Enfin, il tient à rappeler aux citoyens que la vigilance et la collaboration avec les forces de défense et de sécurité doivent être des comportements de tous les jours pour un Burkina Faso de paix et de sécurité.

 

Le ministre d’Etat, ministre de la Sécurité

Simon Compaoré

Grand Officier de l’Ordre national

 

Fort heureusement, au moment où nous bouclions la présente lettre, une source digne de foi nous informait que les deux otages, Ahmed Zoromé (technicien) et Yacouba Ould Aliou (point focal de la Direction régionale de l’Eau auprès de la mairie de Tin-Akoff), avaient été retrouvés sains et saufs par les forces de défense et de sécurité, et leur rapatriement vers Tin-Akoff était encore en cours.

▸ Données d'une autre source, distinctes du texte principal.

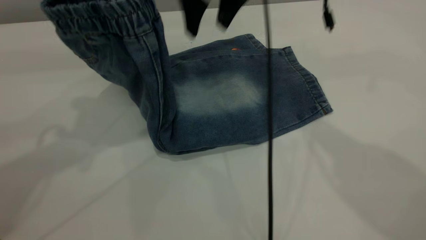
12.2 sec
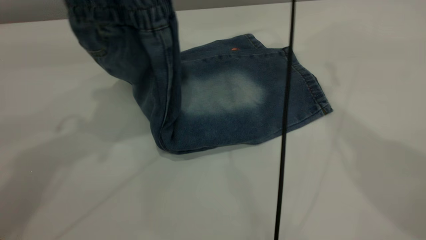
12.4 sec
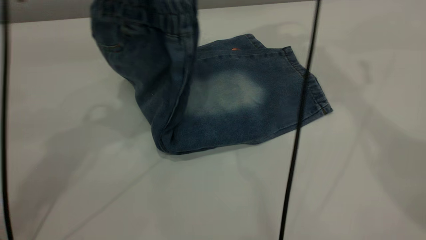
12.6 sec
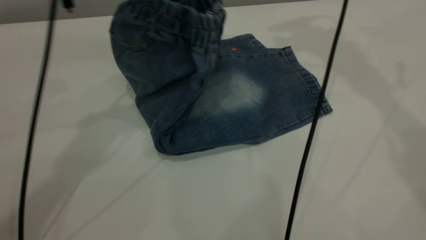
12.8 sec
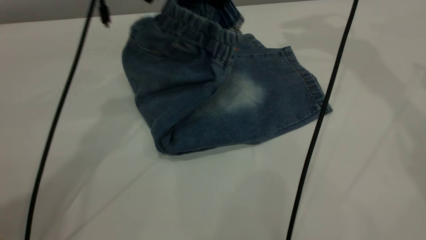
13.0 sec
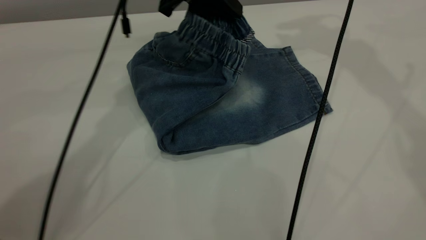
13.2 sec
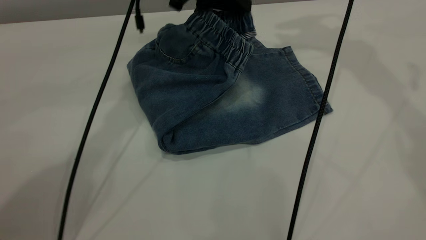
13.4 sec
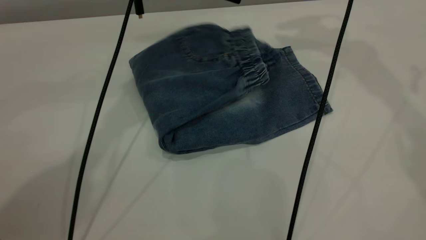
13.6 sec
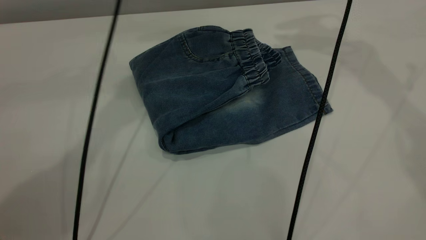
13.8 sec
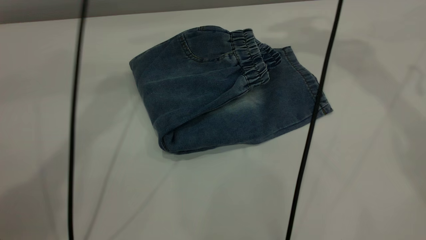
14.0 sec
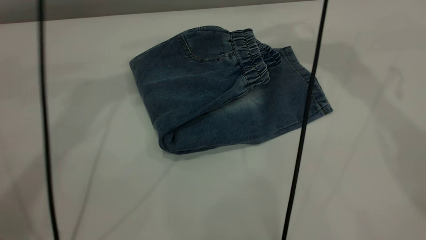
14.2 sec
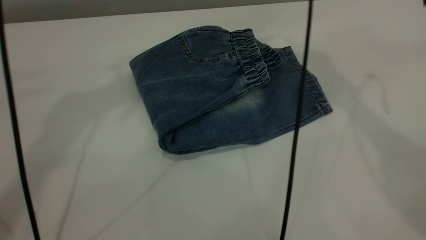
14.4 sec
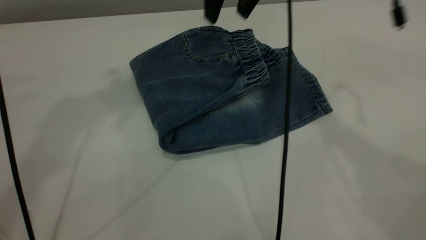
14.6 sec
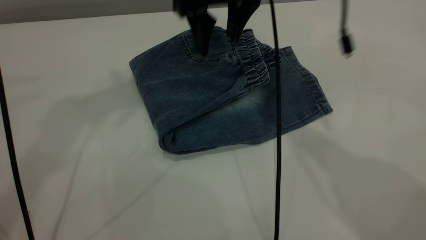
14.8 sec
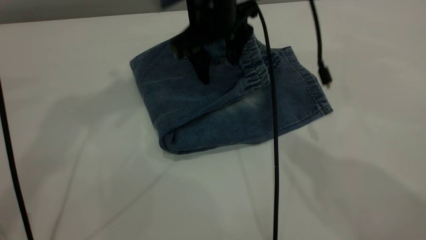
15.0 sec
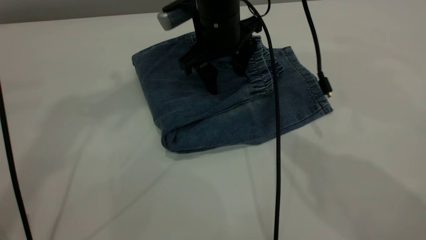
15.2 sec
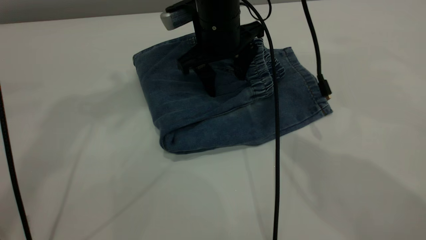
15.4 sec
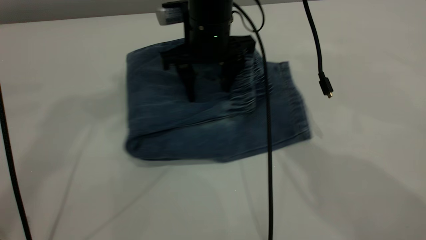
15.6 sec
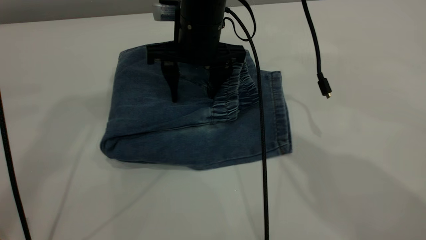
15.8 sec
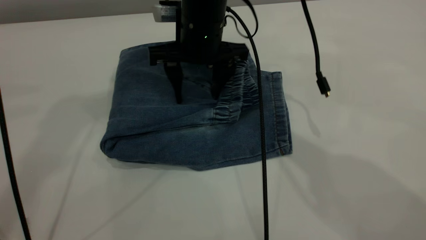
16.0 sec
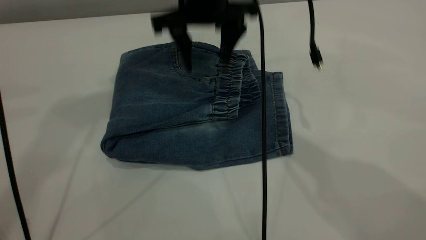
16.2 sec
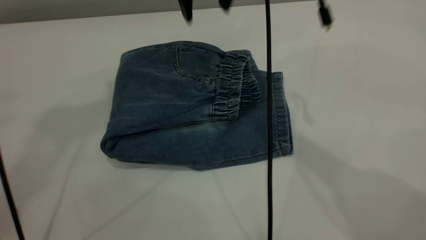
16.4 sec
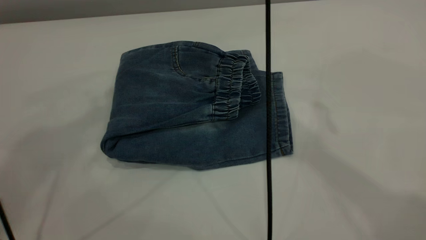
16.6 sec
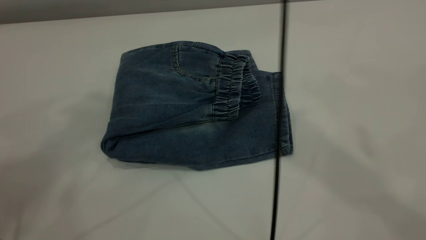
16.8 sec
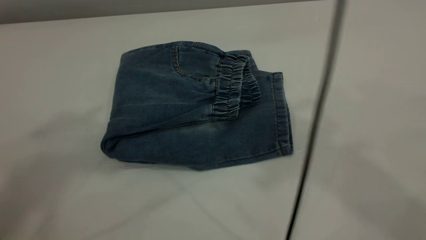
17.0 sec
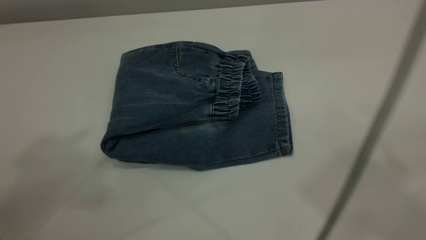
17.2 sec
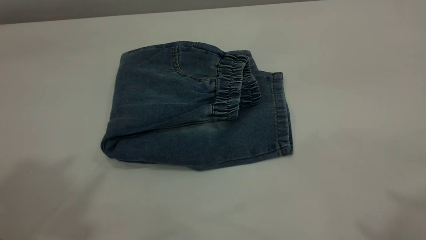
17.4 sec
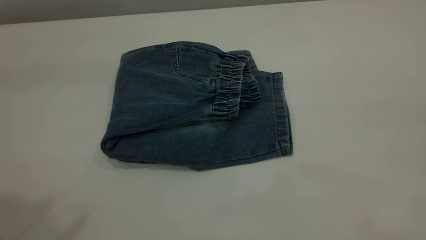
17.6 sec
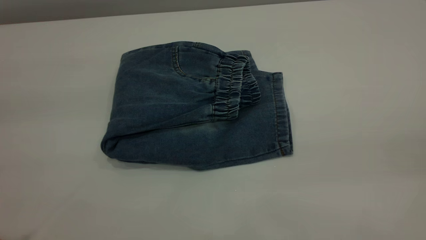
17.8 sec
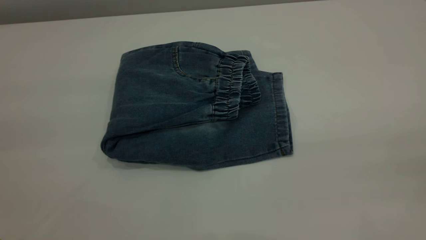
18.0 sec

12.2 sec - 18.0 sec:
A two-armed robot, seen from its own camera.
Step, 12.2 sec - 14.4 sec: Fold the pants from left to right.
12.2 sec - 13.6 sec: The left gripper moves to the right, forward and downward, some 20 cm, and opens; the right gripper is displaced to the right and upward by about 20 cm.
13.6 sec - 15.0 sec: The right gripper shifts roughly 30 cm downward, to the left and backward. The left gripper shifts some 20 cm upward.
15.0 sec - 16.6 sec: The left gripper shifts approximately 10 cm backward and upward. The right gripper heads upward, covering about 20 cm.
16.6 sec - 18.0 sec: The right gripper shifts approximately 50 cm backward and to the right, while the left gripper travels backward and downward by some 30 cm.

Sauf erreur ou omission de notre part, dans l’histoire de prises d’otages, c’est la première fois que des Burkinabè ont été pris pour cible.

 

Boureima Badini à la tête du CDP ? C’est en tout cas ce que pense notre confrère « La Lettre du Continent » dans sa livraison du 19 avril dernier. L’ancien garde des Sceaux de Blaise Compaoré bénéficierait du soutien du président du groupe parlementaire CDP, Yahaya Zoungrana, de l’ancien PM Ernest Paramanga Yonli et de Juliette Bonkoungou. Par contre, il devrait batailler contre Achille Tapsoba, président par intérim du parti, et même contre l’ancien président de la Commission de la CEDEAO, Kadré Désiré Ouédraogo, ajoute l’hebdomadaire français.

 

L’ancien président de la Transition, Michel Kafando, a été nommé haut représentant de l’ONU au Burundi. M’Ba Michel, comme on l’appelle affectueusement, dont la nomination a reçu l’accord des autorités burundaises, remplace à ce poste Jama Benoma. Il aura pour principales missions de régler les différends entre Bujumbura et New York et de ramener le Burundi dans le concert des nations. Une tâche qui est dans les cordes de Michel Kafando, diplomate chevronné bien connu des instances onusiennes.

 

Dans sa livraison d’hier jeudi, «L’Observateur Paalga» faisait état de l’assassinat à Dawirba, dans la commune de Tougouri (province du Namentenga), de Souleymane Somwaoga Sawadogo, ancien conseiller municipal dudit village. Un drame survenu dans la nuit du lundi 24 au mardi 25 avril 2017 pendant que la victime dormait seule devant sa maison. Agé d’une cinquantaine d’années, l’ex-élu local était le chef koglweogo de son patelin. Ses « frères d’armes » koglweogo du Namentenga et du Sanmatenga se sont donc aussitôt lancés à la recherche des auteurs du crime et des sources concordantes indiquent que la battue a été fructueuse, puisque quatre suspects viennent d’être interpellés.

 

Le vendredi 5 mai prochain, Me Barthélemy Kéré recevra la médaille de chevalier de la Légion d’honneur française au sein de la résidence de l’ambassadeur de France à Ouagadougou. L’ancien président de la CENI avait déjà été élevé au rang de chevalier de l’Ordre national du Mérite.

 

Face à l’insécurité grandissante et à l’amalgame qui est fait entre islam et djihadisme par certains, des érudits de cette religion de paix s’investissent de plus en plus pour apporter un éclairage sur ces concepts. C’est ainsi que, ce samedi 29 avril, en marge de la cérémonie de fin de lecture du Coran par les élèves de l’institut qui porte son nom et du doua qui s’ensuivra, Cheick Adama Aorèma Ouédraogo interviendra sur le sujet à travers un prêche. Ce sera dans le quartier Nonsin, au secteur 14 du 3e arrondissement de Ouagadougou, à partir de 08h00. Pour le président fondateur de l’association At-Tarbiya Al-Islamiya, islam a toujours rimé avec paix et amour d’autrui.